=== SUPPLIED RECORDS ===

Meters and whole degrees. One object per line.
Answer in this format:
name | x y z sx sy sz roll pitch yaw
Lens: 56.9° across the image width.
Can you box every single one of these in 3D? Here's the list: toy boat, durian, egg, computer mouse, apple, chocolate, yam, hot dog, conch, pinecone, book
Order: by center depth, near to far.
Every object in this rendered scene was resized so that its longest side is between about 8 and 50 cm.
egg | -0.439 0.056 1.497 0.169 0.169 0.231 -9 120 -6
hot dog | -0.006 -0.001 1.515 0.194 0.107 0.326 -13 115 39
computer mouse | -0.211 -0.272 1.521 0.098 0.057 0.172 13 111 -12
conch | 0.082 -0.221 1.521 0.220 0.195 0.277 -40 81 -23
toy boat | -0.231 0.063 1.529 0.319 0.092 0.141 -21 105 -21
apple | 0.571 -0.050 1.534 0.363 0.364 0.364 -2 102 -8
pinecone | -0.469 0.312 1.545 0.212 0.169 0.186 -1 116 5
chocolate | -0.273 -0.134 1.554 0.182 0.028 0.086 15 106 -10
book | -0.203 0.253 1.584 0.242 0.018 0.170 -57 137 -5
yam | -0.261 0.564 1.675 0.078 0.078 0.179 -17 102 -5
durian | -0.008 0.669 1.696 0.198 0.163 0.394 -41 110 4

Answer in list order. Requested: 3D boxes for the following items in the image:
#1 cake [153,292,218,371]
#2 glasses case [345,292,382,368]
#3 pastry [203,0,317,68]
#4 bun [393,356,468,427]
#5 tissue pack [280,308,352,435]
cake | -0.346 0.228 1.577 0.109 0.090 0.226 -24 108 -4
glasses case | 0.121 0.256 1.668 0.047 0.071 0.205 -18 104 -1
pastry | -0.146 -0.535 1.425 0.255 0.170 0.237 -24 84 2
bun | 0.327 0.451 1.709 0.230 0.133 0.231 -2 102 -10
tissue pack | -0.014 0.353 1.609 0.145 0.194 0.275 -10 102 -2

===

> WHAT IS NEEDED:
Count the lines of the records that include the word "list", please, and report the number alone.

> TASK RESPONSE:
2